The cobblestones are uneven, pedestrians walking dogs use the middle of the street and quite often a dog merely walks along the centre daring a vehicle to try to get by it.

Only 15% of the Old Town is really old. That's all that was left after it was razed not only by World War II bombing but also by the German army as it attempted to quell Polish uprisings during the war.

After the war, 85% of the Old Town was rebuilt as it was before the bombings, keeping it as true to the original town as possible.

The four- or five-storey structures set one upon another, the narrow stairways leading up almost endlessly, are all part of the European charm and mystery.

Most visitors at Euro 2012 make a point of travelling to the Old Town. As you meander around the lower part of the town, it's quiet and reserved. It feels almost deserted. But walk up a series of 50 steps, through a narrow alley and before you emerges the Old Town Square, a thriving, loud, boisterous place crowded with outdoor cafes and restaurants, the antithesis of what the lower town is all about.

It looks as if you've walked into a scene captured in a snow globe only minus the snow.

It is like dozens of other European cities.

But like dozens of other European cities, it doesn't take much to imagine what the Poles of Warsaw went through during the war.

Old photographs show the mounds of rubble that at one time were five-storey structures. From there, one's imagination takes over.

Although the small basement windows are not original, one can picture faces peering out from behind lace curtains watching fearfully as German troops marched through the streets.

Warsaw became a symbol of resistance during the war and the Old Town is a symbol of its rebirth.

Warsaw was occupied by the Germans in 1939 and they remained for five years.

Hundreds of thousands were killed or were displaced.

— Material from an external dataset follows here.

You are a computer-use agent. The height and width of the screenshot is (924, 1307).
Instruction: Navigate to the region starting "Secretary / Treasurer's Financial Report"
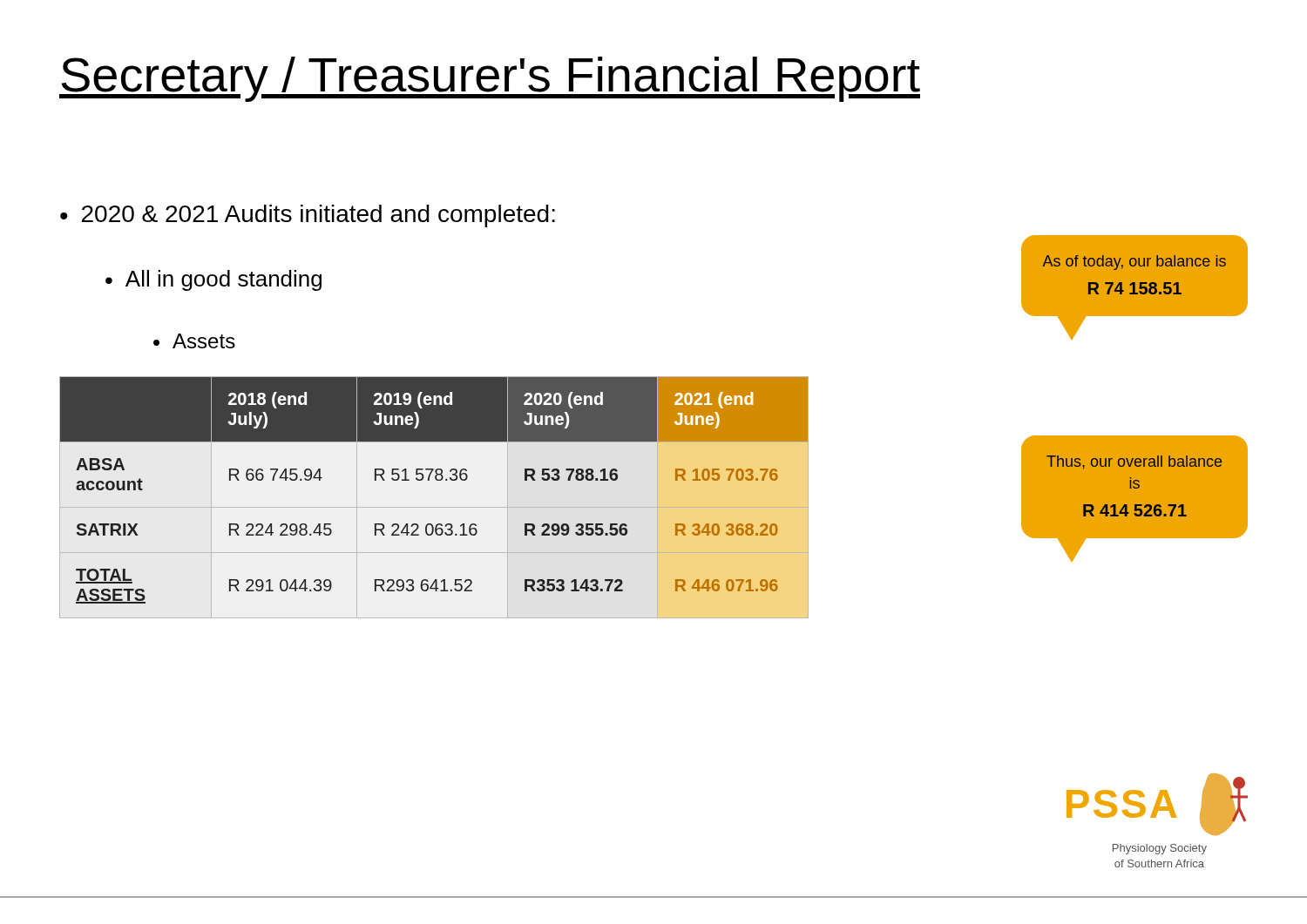(x=490, y=75)
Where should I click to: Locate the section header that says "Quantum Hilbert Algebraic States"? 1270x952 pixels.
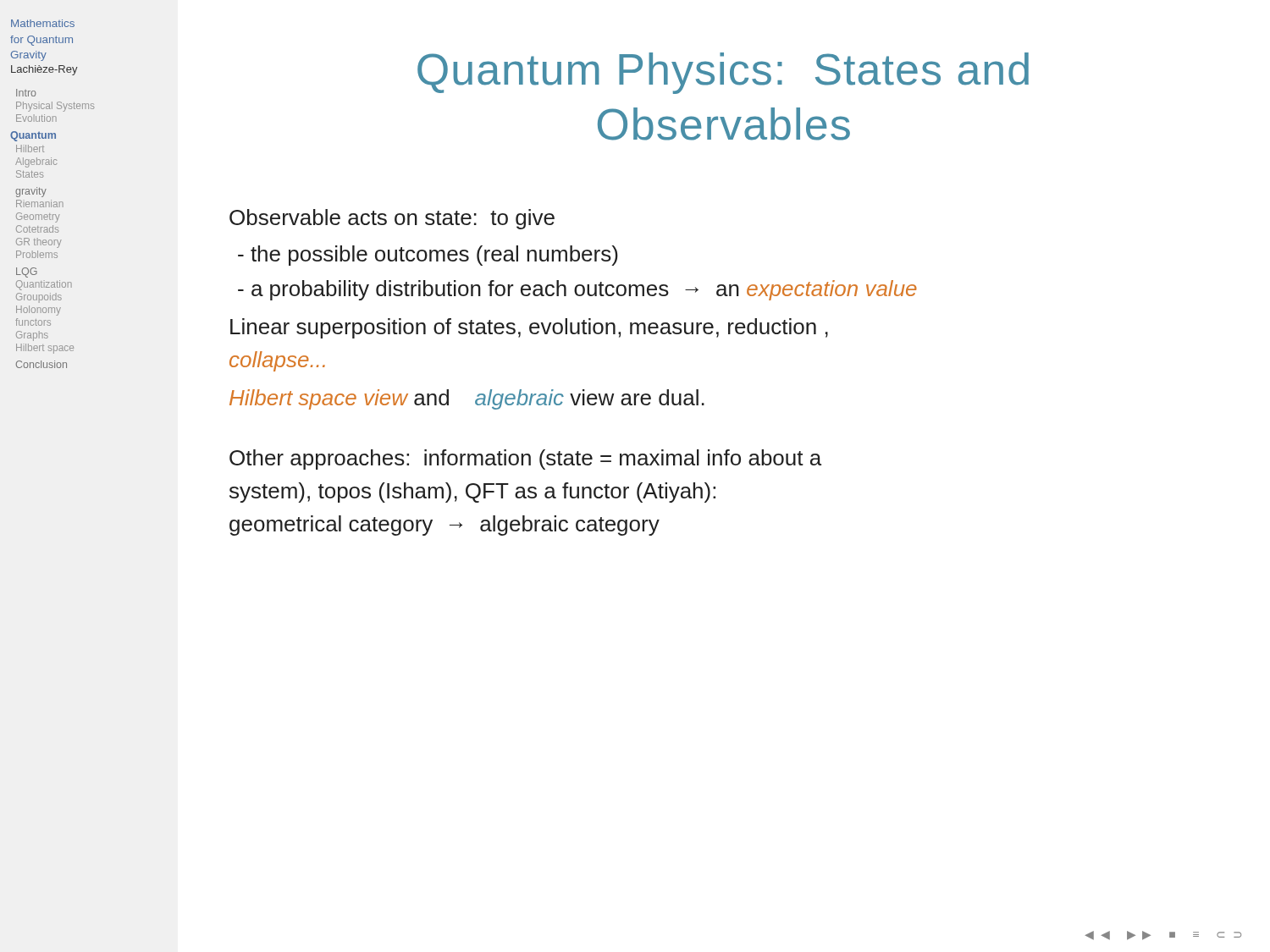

The Warsaw Ghetto was a symbol of how Jews were treated. It also became a symbol of how people decided to fight back.

Jews were moved into the Warsaw Ghetto. They lived in horrendous conditions and faced regular transport to concentration camps.

But when word came that the Nazis were planning to transport every Jew to concentration camps, the Jews revolted and for more than a month with almost no weapons or food, held off the Germans. They fought them from basements, rooftops and sewers in the Old Town.

The end came when Germans began burning the town building by building until all who were left surrendered.

Between 200,000 and 300,000 Warsaw Jews lost their lives in the camps.

In August 1944, the Polish resistance began its Warsaw Uprising. The goal was to link up with the advancing Red Army and free Warsaw.

The bloody conflict was fought in the streets of Old Town. The resistance would have achieved its goal if political considerations between the Russians and Americans hadn't halted the Russian advance, virtually abandoning the resistance fighters. After six weeks of fighting, the Germans regained control. Reports say more than 16,000 resistance fighters died and 6,000 injured.

There are some remnants left of the bloody fighting. There are the statues honouring those who fought.

If you get high enough in the Old Town, you can see the new stadium, a symbol of the new Poland. Yet the old Poland is never far behind.

While Canadians have fought their wars, few of us can imagine what it would be like if it was fought on our streets or cities. What happened in Warsaw is incomprehensible.

The Old Town and the stadium are a powerful combination that will live as long as the structures stand. It represents the courage, desire and strength to survive along with the determination and willingness to move forward.